Boodschap voor verandering

De selectiecommissie van het Jaarboek 2020 bij de verplaatste waterliniebunkers langs het Lekkanaal in Nieuwegein.

 

De inrichting van Nederland - en dan met name de woningbouwopgave en de toekomst van het landelijk gebied – staat weer volop in het spotlicht. Om alle ruimtelijke vraagstukken in goede banen te leiden is aandacht nodig voor andere waarden dan economische groei en financiële rendementen, aldus de commissie die het in december verschenen Blauwe Kamer Jaarboek samenstelde. Ontwerpers mogen daarin best wat activistischer zijn.

 

Tekst: Mark Hendriks

Foto's: Stijn Brakkee

 

 

De busrit die de selectiecommissie van deze jaarboekeditie maakt langs ingezonden ontwerpprojecten vangt aan met het project Objets Trouvés in Nieuwegein. Op een regenachtige julidag staat de commissie bij enkele overblijfselen van de Nieuwe Hollandse Waterlinie, die zijn verplaatst ten behoeve van de verbreding van het Lekkanaal en de monumentale Beatrixsluizen. Ondanks enige scepsis over de kneuterige inrichting hier en daar is de commissie onder de indruk van het resultaat. De schijnbaar achteloos gekantelde, betonnen objecten vormen tezamen ‘een fraai stukje land art’. Het is volgens de commissie ronduit knap dat in het complexe krachtenveld van een civieltechnische operatie landschapsontwerpers een poëtische laag wisten toe te voegen. Het landschap rondom de sluis is nu beter leesbaar en tegelijkertijd mysterieus.
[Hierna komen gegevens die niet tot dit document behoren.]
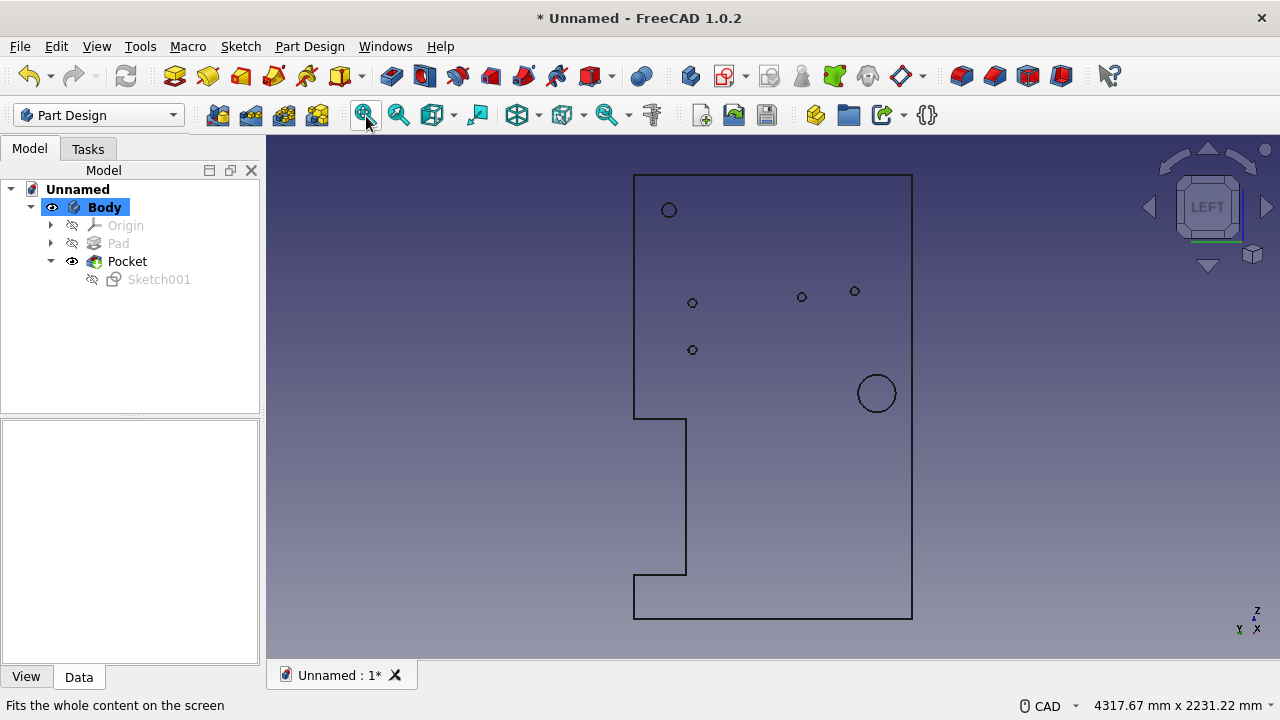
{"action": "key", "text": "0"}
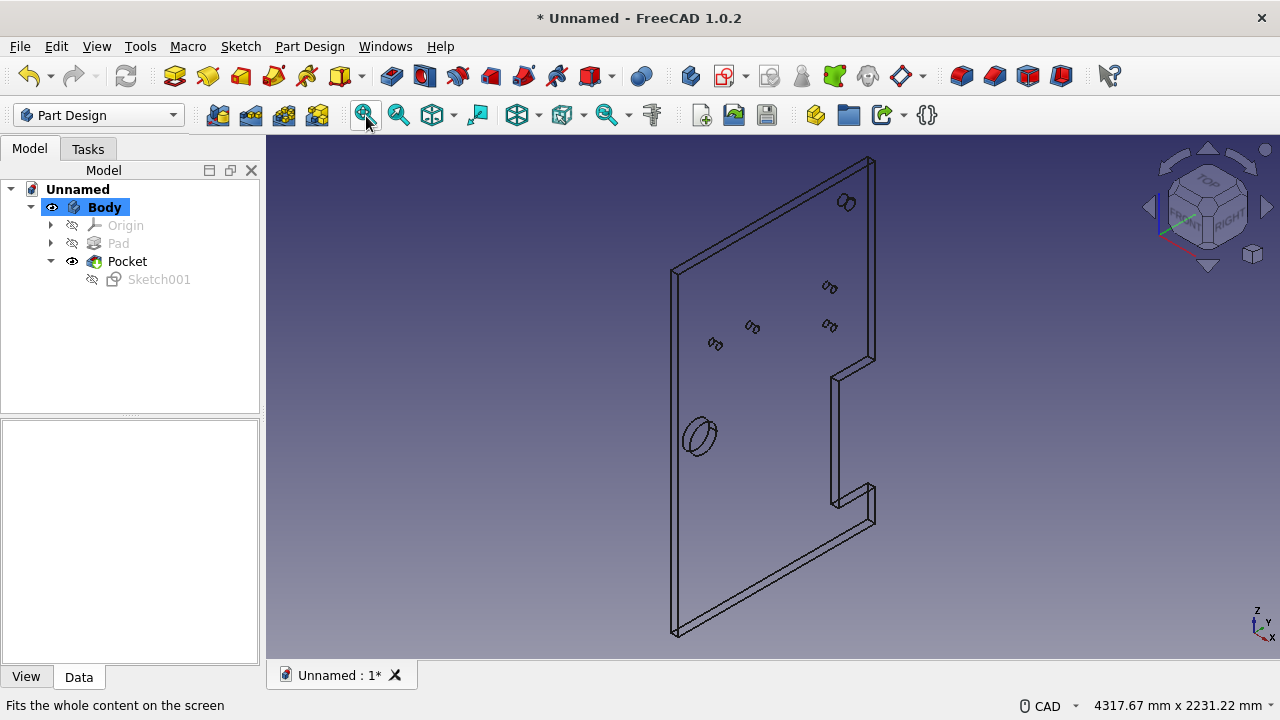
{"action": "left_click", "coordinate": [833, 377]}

Het doet paradoxaal aan dat een uitdijend bedrijventerrein langs de A27 het decor vormt van dit bijzondere project. Aan de ene kant sluiten de bedrijfshallen en opslagloodsen in de achtergrond qua maat en schaal aan bij de ‘omgevallen’ bunkers. Aan de andere kant laat het bedrijventerrein in tegenstelling tot de objets trouvés niets aan de verbeelding over. De oprukkende verdozing ontbeert elke vorm van poëzie en mystiek.

 

Dit soort plekken, waarvan er zoveel zijn in Nederland, illustreert volgens de selectiecommissie de weerbarstige praktijk van het ontwerpvak. ‘Wat we hier zien is de rauwe werkelijkheid buiten’, aldus commissielid Henk Hartzema. ‘Dit is wat overal achter onze ruggen gebeurt.’ Al tijdens de twee eerdere bijeenkomsten stelde de commissie – naast stedenbouwkundige Hartzema, ontwikkelaar Bianca Seekles, ontwerper Elma van Boxel, landschapsarchitect Philomene van der Vliet en voorzitter Jannemarie de Jonge – vast dat de 112 ingezonden projecten een ietwat vertekend beeld geven. Zij wekken de suggestie van een aangeharkt land. Zij vormen een collectie ‘blauweluchtontwerpen’, die vooral laten zien hoe stedenbouw en landschapsarchitectuur in het ideale geval zouden moeten plaatsvinden.

 

Die vertekening is ergens goed voor, want daardoor komt de commissie op het spoor van enkele voorbeeldige projecten. Realistische pareltjes, waarin het ontwerp op ideale wijze is toegepast en die in een jaarboek over stedenbouw en landschapsarchitectuur niet mogen ontbreken. Zoals de versterking van de verzwakte Prins Hendrikzanddijk op Texel, een schitterend staaltje ingenieurskunst waar de commissie ‘oprecht gelukkig’ van wordt. Of de Marker Wadden, volgens de commissie een ‘wow-project’. Het pas geopende stationskwartier in Assen, het ontwerp voor Park Groot Schijn in Antwerpen en een landschapspark op een voormalige legerbasis in de Zuid-Koreaanse hoofdstad Seoel vindt de commissie uitstekende voorbeelden van hoe landschapsarchitectuur de kwaliteit van de stedelijke openbare ruimte naar een hoger plan kan tillen.

 

Het Limburgse rivierproject Ooijen-Wanssum, waar waterveiligheid en natuurontwikkeling hand in hand gaan, vormt het hoogtepunt van de busrit. De commissieleden zijn onder de indruk van de enorme landschappelijke puzzel die hier door de ontwerpers is gelegd. En dan zijn er ook nog eens twee ‘te gekke’ nieuwe dijktypen gebruikt, die rechtdoen aan het landschap van Maasterrassen. Het project laat precies zien wat goed ontwerp vermag: doordachte oplossingen bieden voor actuele vraagstukken en deze ook nog eens voorzien van een weldadige vormgeving – een kant die de ontwerpdisciplines volgens de commissie niet uit het oog mogen verliezen.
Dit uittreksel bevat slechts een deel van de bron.